On May 25, George Floyd, a 46-year-old unarmed African American man, died after former Minneapolis police officer Derek Chauvin used his knee to pin him down for over eight minutes as Floyd repeatedly told the officer “I can’t breathe.” Floyd’s death served as a catalyst, sparking numerous protests around the nation, many that have turned into dangerous situations of rioting and looting.

In response, many local governmental and religious officials have released statements to citizens regarding racism, some pleading for peaceful protests.

In a Pentecostal statement released Sunday, Bishop Lawrence Persico of Erie started out by saying we should not be surprised by the riots taking place around the nation, as “the outrage being expressed is the result of decades of oppression and injustice.”

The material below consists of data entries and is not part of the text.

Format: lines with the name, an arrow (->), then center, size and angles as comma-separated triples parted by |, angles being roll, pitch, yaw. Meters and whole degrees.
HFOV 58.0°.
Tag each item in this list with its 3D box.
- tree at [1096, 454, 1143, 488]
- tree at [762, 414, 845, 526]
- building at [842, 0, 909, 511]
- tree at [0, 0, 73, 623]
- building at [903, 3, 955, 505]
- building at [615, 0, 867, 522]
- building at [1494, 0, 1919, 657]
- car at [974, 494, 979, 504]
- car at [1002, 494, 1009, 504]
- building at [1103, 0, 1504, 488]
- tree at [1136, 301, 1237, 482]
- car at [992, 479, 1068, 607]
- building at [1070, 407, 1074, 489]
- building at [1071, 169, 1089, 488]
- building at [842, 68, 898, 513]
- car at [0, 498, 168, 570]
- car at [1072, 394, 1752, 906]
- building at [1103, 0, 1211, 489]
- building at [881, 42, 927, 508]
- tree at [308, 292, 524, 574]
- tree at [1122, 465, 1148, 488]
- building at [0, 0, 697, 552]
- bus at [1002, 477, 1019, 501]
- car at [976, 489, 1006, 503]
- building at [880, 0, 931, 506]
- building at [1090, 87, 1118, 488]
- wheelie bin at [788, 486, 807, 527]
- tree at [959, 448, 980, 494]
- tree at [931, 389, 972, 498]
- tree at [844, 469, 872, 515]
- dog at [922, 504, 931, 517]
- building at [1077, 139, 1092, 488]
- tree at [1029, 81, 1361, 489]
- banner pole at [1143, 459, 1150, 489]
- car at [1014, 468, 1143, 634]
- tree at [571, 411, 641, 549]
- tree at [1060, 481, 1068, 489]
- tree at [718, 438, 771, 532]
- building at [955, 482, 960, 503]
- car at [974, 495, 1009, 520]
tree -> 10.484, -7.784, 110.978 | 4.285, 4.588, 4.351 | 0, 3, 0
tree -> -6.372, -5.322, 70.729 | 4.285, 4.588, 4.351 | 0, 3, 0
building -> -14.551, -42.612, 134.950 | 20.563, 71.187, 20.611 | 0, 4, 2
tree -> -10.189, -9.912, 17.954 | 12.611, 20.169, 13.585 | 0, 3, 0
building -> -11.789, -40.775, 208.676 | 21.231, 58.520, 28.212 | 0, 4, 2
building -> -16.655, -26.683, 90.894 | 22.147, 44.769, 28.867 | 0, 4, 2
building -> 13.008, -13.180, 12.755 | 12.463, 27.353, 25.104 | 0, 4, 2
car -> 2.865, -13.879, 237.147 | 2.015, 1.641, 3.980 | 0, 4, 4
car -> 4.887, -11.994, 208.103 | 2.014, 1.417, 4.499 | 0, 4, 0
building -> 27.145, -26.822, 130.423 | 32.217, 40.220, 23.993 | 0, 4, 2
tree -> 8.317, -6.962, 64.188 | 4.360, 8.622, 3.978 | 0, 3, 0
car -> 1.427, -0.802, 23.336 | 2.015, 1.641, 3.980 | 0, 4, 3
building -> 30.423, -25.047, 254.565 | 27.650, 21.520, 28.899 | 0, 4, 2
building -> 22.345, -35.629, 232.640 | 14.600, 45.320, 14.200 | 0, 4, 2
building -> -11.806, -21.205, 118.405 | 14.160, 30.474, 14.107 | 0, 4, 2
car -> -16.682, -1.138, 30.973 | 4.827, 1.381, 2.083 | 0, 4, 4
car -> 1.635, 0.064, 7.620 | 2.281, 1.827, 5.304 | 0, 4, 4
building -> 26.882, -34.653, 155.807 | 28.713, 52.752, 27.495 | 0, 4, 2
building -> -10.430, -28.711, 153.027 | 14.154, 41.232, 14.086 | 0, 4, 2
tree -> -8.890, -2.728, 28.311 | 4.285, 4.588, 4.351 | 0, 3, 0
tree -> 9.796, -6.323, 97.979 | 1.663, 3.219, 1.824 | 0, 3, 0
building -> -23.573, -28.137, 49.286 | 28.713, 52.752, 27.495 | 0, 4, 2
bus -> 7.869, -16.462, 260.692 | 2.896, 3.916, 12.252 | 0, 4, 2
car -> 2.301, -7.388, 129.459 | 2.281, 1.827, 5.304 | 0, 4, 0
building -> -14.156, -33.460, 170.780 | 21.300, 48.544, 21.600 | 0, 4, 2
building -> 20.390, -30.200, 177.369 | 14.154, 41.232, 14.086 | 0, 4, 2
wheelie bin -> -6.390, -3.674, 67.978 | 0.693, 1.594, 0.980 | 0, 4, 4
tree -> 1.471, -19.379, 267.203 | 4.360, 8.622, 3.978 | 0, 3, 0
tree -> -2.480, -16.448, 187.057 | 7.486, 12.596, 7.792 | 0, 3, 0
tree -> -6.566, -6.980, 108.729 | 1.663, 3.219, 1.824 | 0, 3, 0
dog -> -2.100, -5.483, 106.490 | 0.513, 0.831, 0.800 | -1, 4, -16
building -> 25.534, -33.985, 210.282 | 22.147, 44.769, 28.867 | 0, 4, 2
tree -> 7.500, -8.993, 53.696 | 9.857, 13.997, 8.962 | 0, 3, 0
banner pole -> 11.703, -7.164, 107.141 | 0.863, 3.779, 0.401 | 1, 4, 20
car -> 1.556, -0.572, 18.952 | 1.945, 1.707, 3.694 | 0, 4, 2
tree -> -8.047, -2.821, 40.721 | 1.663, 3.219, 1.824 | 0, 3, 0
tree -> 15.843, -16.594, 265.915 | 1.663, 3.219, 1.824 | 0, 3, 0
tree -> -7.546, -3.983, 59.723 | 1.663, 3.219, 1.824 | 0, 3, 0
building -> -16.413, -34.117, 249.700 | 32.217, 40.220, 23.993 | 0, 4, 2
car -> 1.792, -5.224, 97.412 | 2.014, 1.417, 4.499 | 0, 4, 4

He added that in response, he hopes to see that churches, synagogues and mosques in northwest Pennsylvania can “find meaningful ways to collaborate, bringing about real change in our region.”

State Attorney General Josh Shapiro held similar empathic sentiments in a statement released on Friday, where he recognized how the killing of George Floyd is a “painful reminder of how far we have yet to travel as a nation to find peace and equality,” adding that “too many Americans see how our society does not care about them.”

Senator Bob Casey also followed suit in a statement released Sunday on Facebook, asking for the country to raise their voices and “call for justice in a system that has, for too long, turned a blind eye to the injustice,” while Speaker of the House Mike Turzai, R-Allegheny, voiced that the killing of Floyd by a police officer was “depraved and senseless,” adding that “Americans demand justice.”

Many statements released also mentioned the need for order and peaceful protests amongst communities. In particular, U.S. Attorney General William P. Barr attributes much of the violence to individuals not even related to the movement.

In a statement released Sunday, Barr said he believes peaceful and legitimate protests have been “hijacked by violent radical elements” and that “groups of outside radicals and agitators are exploiting the situation to pursue their own separate, violent, and extremist agenda.”

Barr also pleaded for citizens to stand up to the violence and destruction of property, as it endangers the lives of others and interferes with legitimate peaceful protests, as well as citizens in general. Instead, he asked that people come together and focus on the work that needs to be done so radical groups cannot reach their goal of “preventing reconciliation and driving us apart.”

Shapiro added that the response to the crisis must give people the confidence that, with hard work, they can begin to heal society and “lift the knee that holds down black Americans and holds back the potential of our country.”

Unity was a common denominator among many statements, as was the case with Turzai’s statement, in which he acknowledges the large rift between the Democrats and Republicans, envisioning a unity amongst the two.

“We can cross the partisan divide,” he said. “We can stand together for what is right.”

Shapiro responded similarly, stating that “real leaders” don’t bring about equality “by sowing divisions, but rather with hope, with love for everyone and with the faith that all of our actions will make a difference.”